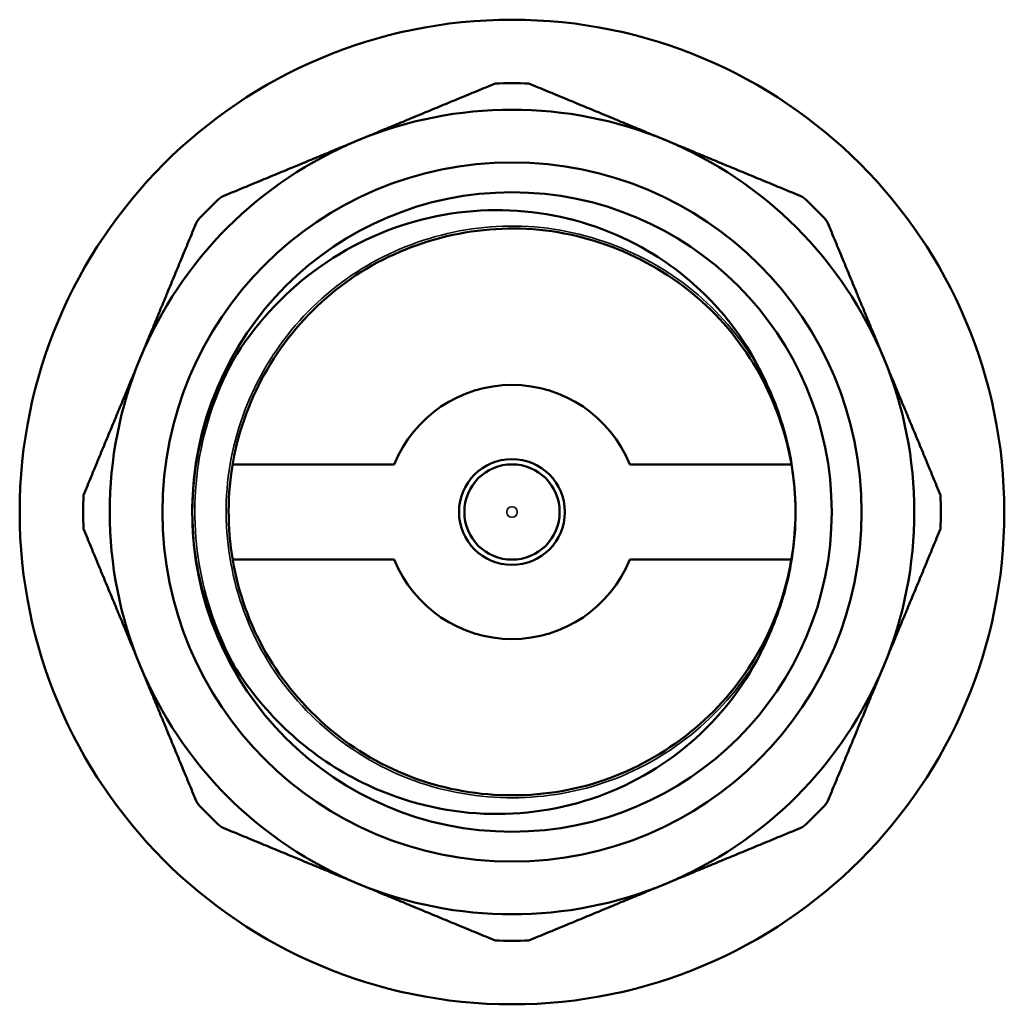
# Model space of a CAD drawing. Header units: millimetres. Extents: x 39 to 189, y 99 to 235.
# Tile 5 of 5: x 133 to 179, y 188 to 235. Entities that reach past the tile are written whole.
import ezdxf

# ---------------------------------------------------------------- set-up
doc = ezdxf.new("R2010")
doc.units = ezdxf.units.MM
doc.layers.add('Видимые тонкие (ГОСТ)', color=7, linetype='Continuous', lineweight=35)
doc.layers.add('Видимый контур (ГОСТ)', color=7, linetype='Continuous', lineweight=50)

msp = doc.modelspace()

# ---------------------------------------------------------------- linework, layer by layer
at = {"layer": 'Видимые тонкие (ГОСТ)'}
msp.add_circle((155.968, 211.595), 0.25, dxfattribs=at)
for points, knots in [([(167.665, 204.846), (166.097, 202.129), (163.552, 199.989), (160.606, 198.912), (157.661, 197.835), (154.337, 197.828), (151.387, 198.892), (148.437, 199.955), (145.884, 202.082), (144.304, 204.79), (142.724, 207.498), (142.13, 210.767), (142.655, 213.857), (143.18, 216.947), (144.82, 219.835), (147.204, 221.869), (149.588, 223.903), (152.698, 225.067), (155.831, 225.099), (159.067, 225.132), (162.301, 223.954), (164.758, 221.847), (165.896, 220.872), (166.863, 219.701), (167.619, 218.407)], [0.523357, 0.523357, 0.523357, 0.523357, 1.220225, 1.220225, 1.220225, 1.916933, 1.916933, 1.916933, 2.613486, 2.613486, 2.613486, 3.309887, 3.309887, 3.309887, 4.006142, 4.006142, 4.006142, 4.702253, 4.702253, 4.702253, 5.421146, 5.421146, 5.421146, 5.754106, 5.754106, 5.754106, 5.754106]), ([(143.01, 204.073), (141.308, 207.006), (140.643, 210.528), (141.16, 213.879), (141.44, 215.692), (142.064, 217.447), (142.974, 219.039)], [2.615652, 2.615652, 2.615652, 2.615652, 3.294652, 3.294652, 3.294652, 3.661811, 3.661811, 3.661811, 3.661811])]:
    msp.add_open_spline(points, degree=3, knots=knots, dxfattribs=at)
at = {"layer": 'Видимый контур (ГОСТ)'}
for p, q in [((150.406, 213.845), (142.771, 213.845)), ((169.166, 213.845), (161.53, 213.845)), ((142.771, 209.345), (150.406, 209.345)), ((161.53, 209.345), (169.166, 209.345))]:
    msp.add_line(p, q, dxfattribs=at)
for radius in [23.25, 16.512, 15.1, 15.1, 2.5, 2.25]:
    msp.add_circle((155.968, 211.595), radius, dxfattribs=at)
for radius, start, end in [(20.25, 87.7367, 92.2633), (19, 67.5, 112.5), (19, 112.5, 157.5), (19, 22.5, 67.5), (20.25, 132.7367, 137.2633), (20.25, 42.7367, 47.2633), (19, 157.5, 202.5), (19, 337.5, 22.5), (6, 22.0243, 157.9757), (20.25, 177.7367, 182.2633), (20.25, 357.7367, 2.2633), (13.388, 358.6516, 1.6762), (6, 202.0243, 337.9757), (19, 202.5, 247.5), (19, 292.5, 337.5), (20.25, 222.7367, 227.2633), (20.25, 312.7367, 317.2633), (19, 247.5, 292.5), (20.25, 267.7367, 272.2633)]:
    msp.add_arc((155.968, 211.595), radius, start, end, dxfattribs=at)
for points, weights in [([(148.697, 229.149), (151.83, 230.446), (155.169, 231.829)], [1, 1.02290686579, 1.01301557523]), ([(156.768, 231.829), (160.107, 230.446), (163.239, 229.149)], [1.01301557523, 1.02290686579, 1]), ([(142.226, 226.468), (145.565, 227.851), (148.697, 229.149)], [1.01301557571, 1.02290686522, 1]), ([(163.239, 229.149), (166.372, 227.851), (169.711, 226.468)], [1, 1.02290686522, 1.01301557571]), ([(138.415, 218.866), (139.712, 221.999), (141.095, 225.337)], [1, 1.022906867, 1.01301557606]), ([(170.842, 225.337), (172.224, 221.999), (173.522, 218.866)], [1.01301557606, 1.022906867, 1]), ([(135.734, 212.395), (137.117, 215.733), (138.415, 218.866)], [1.01301557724, 1.02290686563, 1]), ([(173.522, 218.866), (174.82, 215.733), (176.203, 212.395)], [1, 1.02290686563, 1.01301557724]), ([(138.415, 204.324), (137.117, 207.457), (135.734, 210.795)], [1, 1.02290686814, 1.01301557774]), ([(176.203, 210.795), (174.82, 207.457), (173.522, 204.324)], [1.01301557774, 1.02290686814, 1]), ([(141.095, 197.853), (139.712, 201.191), (138.415, 204.324)], [1.01301557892, 1.02290686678, 1]), ([(173.522, 204.324), (172.224, 201.191), (170.842, 197.853)], [1, 1.02290686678, 1.01301557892]), ([(148.697, 194.041), (145.565, 195.339), (142.226, 196.722)], [1, 1.02290686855, 1.01301557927]), ([(169.711, 196.722), (166.372, 195.339), (163.239, 194.041)], [1.01301557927, 1.02290686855, 1]), ([(155.169, 191.361), (151.83, 192.744), (148.697, 194.041)], [1.01301557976, 1.02290686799, 1]), ([(163.239, 194.041), (160.107, 192.744), (156.768, 191.361)], [1, 1.02290686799, 1.01301557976])]:
    msp.add_rational_spline(points, weights, degree=2, dxfattribs=at)
for points, knots in [([(142.967, 219.043), (144.005, 220.672), (145.349, 222.084), (148.476, 224.289), (150.222, 225.071), (153.883, 225.907), (155.759, 225.966), (159.392, 225.362), (161.117, 224.717), (163.722, 223.104), (164.684, 222.313), (166.358, 220.504), (167.065, 219.498), (167.626, 218.411)], [0, 0, 0, 0, 0.579453, 0.579453, 1.148393, 1.148393, 1.706817, 1.706817, 2.254721, 2.254721, 2.627542, 2.627542, 2.995287, 2.995287, 2.995287, 2.995287]), ([(169.35, 211.987), (169.342, 212.279), (169.324, 212.571), (169.296, 212.862), (169.002, 215.962), (167.585, 218.943), (165.367, 221.129), (163.131, 223.333), (160.099, 224.711), (156.969, 224.946), (153.847, 225.179), (150.653, 224.275), (148.117, 222.439), (145.588, 220.608), (143.734, 217.864), (142.978, 214.834), (142.224, 211.811), (142.57, 208.525), (143.936, 205.725), (145.312, 202.905), (147.712, 200.599), (150.585, 199.337), (153.443, 198.082), (156.745, 197.87), (159.74, 198.749), (162.747, 199.632), (165.42, 201.609), (167.145, 204.225), (168.519, 206.309), (169.294, 208.784), (169.352, 211.28)], [-6.253929, -6.253929, -6.253929, -6.253929, -6.188445, -6.188445, -6.188445, -5.490624, -5.490624, -5.490624, -4.787174, -4.787174, -4.787174, -4.085723, -4.085723, -4.085723, -3.385981, -3.385981, -3.385981, -2.687666, -2.687666, -2.687666, -1.984633, -1.984633, -1.984633, -1.285198, -1.285198, -1.285198, -0.582977, -0.582977, -0.582977, -0.023534, -0.023534, -0.023534, -0.023534]), ([(140.869, 211.552), (140.864, 213.093), (141.106, 214.63), (142.075, 217.576), (142.678, 218.588), (142.967, 219.043)], [0, 0, 0, 0, 0.4624534, 0.4624534, 0.9323397, 0.9323397, 0.9323397, 0.9323397]), ([(167.626, 218.411), (167.948, 217.788), (168.385, 216.879), (169.109, 214.499), (169.315, 213.251), (169.35, 211.987)], [0, 0, 0, 0, 0.210511, 0.210511, 0.4298147, 0.4298147, 0.4298147, 0.4298147]), ([(143.01, 204.073), (142.718, 204.526), (142.11, 205.534), (141.123, 208.475), (140.873, 210.01), (140.869, 211.552)], [0, 0, 0, 0, 0.1616408, 0.1616408, 0.3208455, 0.3208455, 0.3208455, 0.3208455]), ([(169.352, 211.28), (169.324, 210.016), (169.126, 208.767), (168.416, 206.383), (167.984, 205.471), (167.665, 204.846)], [0.0311587, 0.0311587, 0.0311587, 0.0311587, 0.4108994, 0.4108994, 0.7757106, 0.7757106, 0.7757106, 0.7757106]), ([(167.665, 204.846), (166.86, 203.265), (165.752, 201.859), (163.035, 199.522), (161.444, 198.624), (157.975, 197.471), (156.127, 197.24), (152.408, 197.495), (150.576, 197.992), (147.701, 199.409), (146.6, 200.152), (144.611, 201.924), (143.737, 202.947), (143.01, 204.073)], [0, 0, 0, 0, 0.532077, 0.532077, 1.074658, 1.074658, 1.627739, 1.627739, 2.191314, 2.191314, 2.587512, 2.587512, 2.988774, 2.988774, 2.988774, 2.988774])]:
    msp.add_open_spline(points, degree=3, knots=knots, dxfattribs=at)

doc.saveas('drawing.dxf')
----
WHAT YOU ARE ASKED TO DO: For each line in the data that holds "Continuous", add one to a count, then report that count alone.

EXERCISE SOLUTION: 2